シロイヌナズナのAtTRPは、第5染色体上に1コピーだけ存在するテロメア結合タンパク質で、Myb様のDNA結合モチーフを持ち、植物に存在するいくつかのイニシエーター結合タンパク質との類似性を持つ。AtTRPのMyb様領域はタンパク質全体のC末端側の領域に存在し、ゲルシフト実験の結果より、Myb様領域単独(55アミノ酸残基)ではテロメアリピートに対する結合親和性が低く、Myb領域の後ろのC末側領域(58アミノ酸残基)が存在して初めてテロメアリピートに対する選択的結合親和性が確認された。本研究では、部分的に欠損したC末領域を持つMyb様領域の作製を行い、ゲルシフト実験ならびに多次元NMR分光法による立体構造解析を行うことで、Myb様領域に続くC末側の領域がテロメア領域認識において果たす機能を解明することを目的とした。AtTRPのMyb様領域と完全長のC末領域を含むタンパク質は、大腸菌による大量発現系で可溶性画分として作製できたが、部分的に欠損したC末領域を持つMyb様領域は殆どが不溶性画分として回収され、変性剤による再生効率も低かった。そこで、タンパク質のフォールディングのタイミングが大腸菌と異なるコムギ胚芽の抽出物を用いた無細胞合成系を使用して大量発現を試みた。その結果、Myb様領域と完全長もしくは欠損したC末領域を持つタンパク質の殆ど全てを可溶性画分して回収することに成功した。さらに、この無細胞合成系では、約300μlの反応系で15nmol以上蛋白質が合成され、発現されたタンパク質にのみ特異的にラベルアミノ酸の取り込みが行われた。従って、全く精製を行わない試料溶液を用いて、発現したタンパク質の^1H-^<15>N HSQCスペクトルを測定することに成功した。現在、ゲルシフト実験を行うことでテロメアリピートの選択的認識に必須のC末領域の特定、ならびに^<15>N、^<13>Cの選択的二重標識体を作製し完全長のC末領域を持つMyb様領域の溶液構造解析を進めている。

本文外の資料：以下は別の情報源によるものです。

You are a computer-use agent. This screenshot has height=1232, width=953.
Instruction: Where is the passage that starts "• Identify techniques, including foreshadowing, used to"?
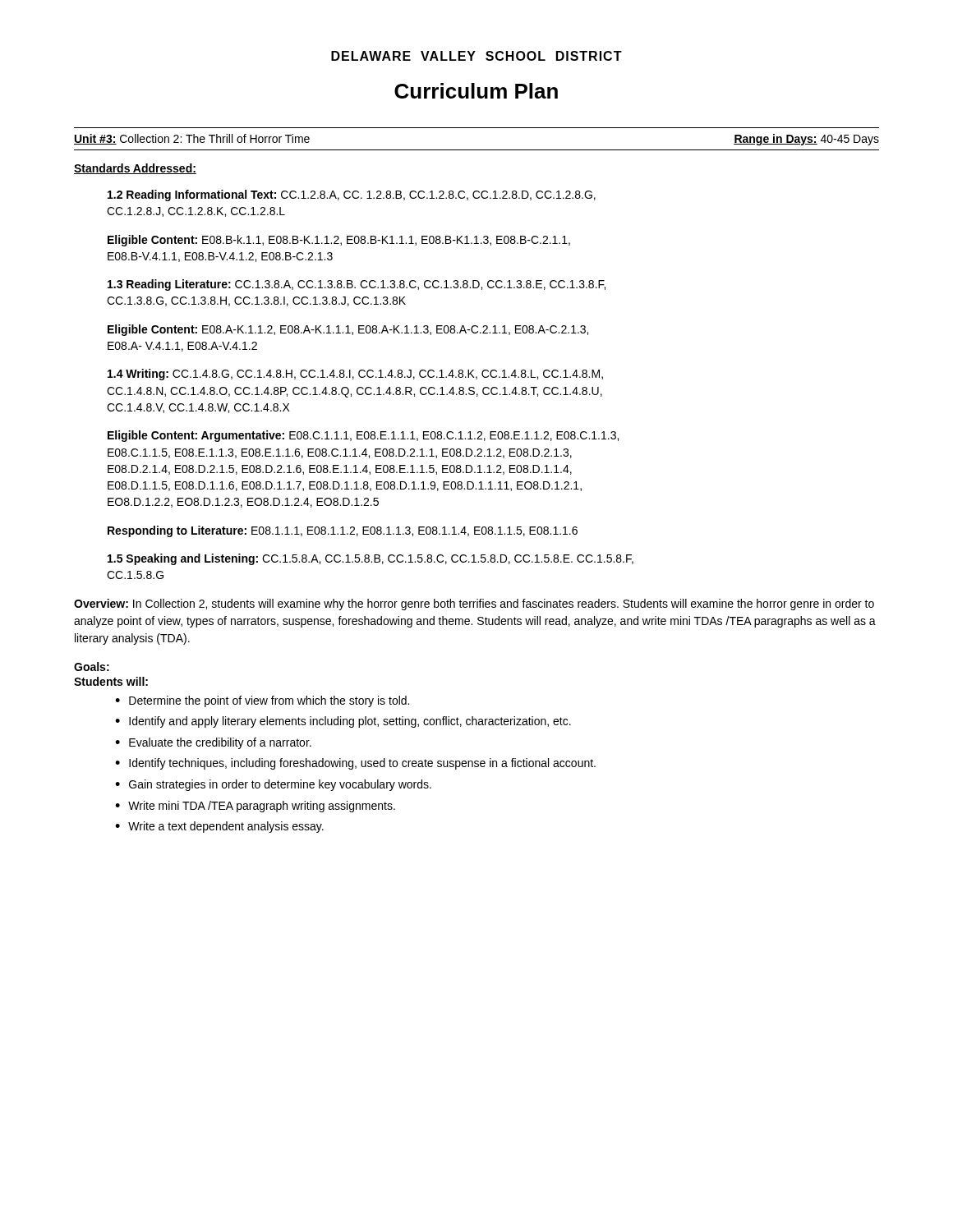[x=356, y=764]

AtTRP of chromosome 5 is similar to that of chromosome 1, Myb, and plants. The Myb domain of AtTRP has a low binding affinity for all C-terminal domains of the domain, and the Myb domain alone (55 amino acid residues) has a low binding affinity for all C-terminal domains of the domain. The Myb domain has a low binding affinity for all C-terminal domains of the domain, and the Myb domain alone (58 amino acid residues) has a low binding affinity for all C-terminal domains of the domain. In this study, some of the deficiencies in the domain of C are related to the operation of Myb domain, the analysis of stereo structure by multiple element NMR spectroscopy, and the function of Myb domain. AtTRP Myb domain is completely long, C-terminal domain is contained in a large amount of soluble compounds, coliform is contained in a large amount of soluble compounds, and some of the soluble compounds are deficient in C-terminal domain. Myb domain is almost insoluble in soluble compounds, and the regeneration efficiency is low. A cell-free synthetic system for the production of E. coli and E. coli embryos was developed. As a result, Myb domain is completely undamaged, C domain is completely soluble, and C domain is successfully recovered. In addition, about 300μl of this cell-free synthesis system was used to synthesize more than 15nmol of protein. The sample solution was purified and the quality of the sample was determined<15>. Now, we need to study the solution structure analysis of the C-end domain in order to understand the choice of the C-end <15><13>domain.

项目成果

E.H.Morita: "Studies on the molecular mechanism of the interactions between the cyanobacterial transcription factor, SmtB, and its recognition DNA sequences"Nucleic Acid. Res.. Suppl.1. 251-252 (2001)

E.H.Morita：“蓝藻转录因子 SmtB 与其识别 DNA 序列之间相互作用的分子机制研究”核酸。

Y.Kasai: "Physicochemical analysis of the interaction between a metal ion and the metal-ion-binding motif in hammerhead ribozymes"Nucleic Acid. Res. Suppl.1. 81-82 (2001)

Y.Kasai：“金属离子与锤头核酶中金属离子结合基序之间相互作用的物理化学分析”核酸。

A.Kimura: "A high temperature-sensitive mutant of Synechococcus sp. PCC 7942 with modifications in the endogenous plasmid, pAQ1"Plant Cell Physiol.. 43(2). 217-223 (2002)

A.Kimura：“聚球藻属高温敏感突变体。PCC 7942，在内源质粒 pAQ1 中进行了修饰”《植物细胞生理学》43(2)。

Y.Tanaka: "Identification of the metal ion binding sites on an RNA motif from hammerhead ribozyme using ^<15>N-NMR spectroscopy"J. Am. Chem. Soc.. (In press). (2002)

Y.Tanaka：“使用 15 N-NMR 光谱鉴定来自锤头核酶的 RNA 基序上的金属离子结合位点”J。

E.H.Morita: "Studies on the recognition mechanism of DNA sequences with the cyanobacterial transcriptional factor SmtB, sensing zinc-concentration in the cell"J. Inorg. Biochem. 86. 345 (2001)

E.H.Morita：“蓝藻转录因子 SmtB 的 DNA 序列识别机制研究，感知细胞内的锌浓度”J.